At 45 meters long and 7,000 tons, with a $540 million price tag, the ATLAS detector at CERN is helping determine whether the Higgs boson exists.

IU physicists gathered at Swain Hall West on the Bloomington campus this morning, Dec. 13, to view the announcement from the European Organization for Nuclear Research -- or CERN -- that two of the $10 billion Large Hadron Collider's experiments, ATLAS and CMS, had collected and analyzed new data sufficient enough to make significant progress in the search for the Higgs boson. And while the new data was not enough to make any conclusive statement on the existence or non-existence of the elusive Higgs, predictions are that 2012 will be the year of confirmation.

The main conclusion, according to IU physicist Harold Evans, is that the Standard Model Higgs boson, if it exists, is most likely to have a mass constrained to the range 116-130 GeV by the ATLAS experiment, and 115-127 GeV by CMS. A GeV is a thousand million electronvolts and the collider at CERN is designed to speed subatomic protons up to energies of 7 trillion electron volts and smash them together in an attempt to re-create conditions from when the universe was less than a trillionth of a second old.

Scientists said that multiple independent measurements point to excesses in the region of 124 to 126 GeV as being most compatible with a Standard Model Higgs, but the statistical significance is not large enough to say anything conclusive yet. What was seen was either a background fluctuation or the presence of the Higgs boson, and that differentiation should be made in 2012 with refined analyses and additional data.

"The fact that the two experiments are seeing hints in the same region is extremely exciting," professor Evans said shortly after the CERN news conference. "If these hints are borne out then each experiment will definitively observe the Higgs with data taken in 2012. So, even though we can't claim discovery yet, we're still drinking champagne!"

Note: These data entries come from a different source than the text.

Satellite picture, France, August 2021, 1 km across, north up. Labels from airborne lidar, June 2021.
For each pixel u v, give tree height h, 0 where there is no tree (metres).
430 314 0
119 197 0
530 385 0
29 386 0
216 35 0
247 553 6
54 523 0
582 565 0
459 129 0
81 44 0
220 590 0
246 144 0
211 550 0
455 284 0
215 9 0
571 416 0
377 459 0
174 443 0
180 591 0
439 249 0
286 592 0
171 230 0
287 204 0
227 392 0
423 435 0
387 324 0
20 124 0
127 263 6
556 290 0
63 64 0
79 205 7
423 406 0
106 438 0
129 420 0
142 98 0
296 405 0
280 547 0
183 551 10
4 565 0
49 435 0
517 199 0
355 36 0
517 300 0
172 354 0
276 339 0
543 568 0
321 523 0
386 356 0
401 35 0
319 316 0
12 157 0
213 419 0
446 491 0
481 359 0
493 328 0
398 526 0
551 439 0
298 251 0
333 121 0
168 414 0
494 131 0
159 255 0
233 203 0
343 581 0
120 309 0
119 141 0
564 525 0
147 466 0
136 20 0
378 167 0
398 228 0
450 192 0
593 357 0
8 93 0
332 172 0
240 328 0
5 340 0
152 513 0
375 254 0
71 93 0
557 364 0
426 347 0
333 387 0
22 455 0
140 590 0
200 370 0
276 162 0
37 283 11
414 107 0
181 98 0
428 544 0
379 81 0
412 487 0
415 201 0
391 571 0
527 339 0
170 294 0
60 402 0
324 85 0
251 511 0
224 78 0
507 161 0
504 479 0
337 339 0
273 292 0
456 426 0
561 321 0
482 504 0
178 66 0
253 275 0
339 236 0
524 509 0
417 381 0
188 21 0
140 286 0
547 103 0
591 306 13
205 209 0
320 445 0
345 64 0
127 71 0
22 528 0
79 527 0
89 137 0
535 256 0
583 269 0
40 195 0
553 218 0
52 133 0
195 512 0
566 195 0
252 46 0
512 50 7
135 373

Over the coming months, both experiments will be further refining their analyses. However, a definitive statement on the existence or non-existence of the Higgs will also require more data, retired professor Harold Ogren said. Ogren is another IU physicist who worked on the ATLAS detector's barrel Transition Radiation Tracker detector, one of three elements of ATLAS that reconstructs the trajectories of charged particles produced in proton-proton collisions.

"We only just saw the CMS results, and we're fantastically encouraged to see that they show hints at a similar mass to ATLAS'," Ogren said.

Staff and faculty in the IU College of Arts and Sciences' Department of Physics designed and built approximately one-half of the barrel Transition Radiation Tracker detector, a device that significantly enhances ATLAS' ability to identify electrons produced in the collisions. Because it can reconstruct trajectories of charged particles and identify produced electrons, the Transition Radiation Tracker is considered a critical detector element in ATLAS' search for the Higgs boson.

The team also partners with the University of Chicago in managing ATLAS' Midwest Tier2 computing center, which has hardware in Bloomington, at Indiana University-Purdue University Indianapolis and in Chicago. This center is one of only five such ATLAS computing centers in the U.S., and it makes heavy use of the Open Science Grid, to which IU has made major contributions.

IU scientists are also among the primary authors of eight peer-reviewed journal publications based on ATLAS data.

The current IU ATLAS group, in addition to professors Evans and Ogren, are assistant professor Sabine Lammers; professor and department chair Rick Van Kooten; research scientists Pauline Gagnon, Vivek Jain, Fred Luehring and Daria Zieminska; postdoctoral researchers Sylvie Brunet, Christopher Marino (now at University of British Columbia) and Darren Price; graduate students KyungEon Choi, John Penwell, Ben Weinert, Denver Whittington and Yi Yang; engineer Kirill Egorov and administrator Jenny Olmes-Stevens.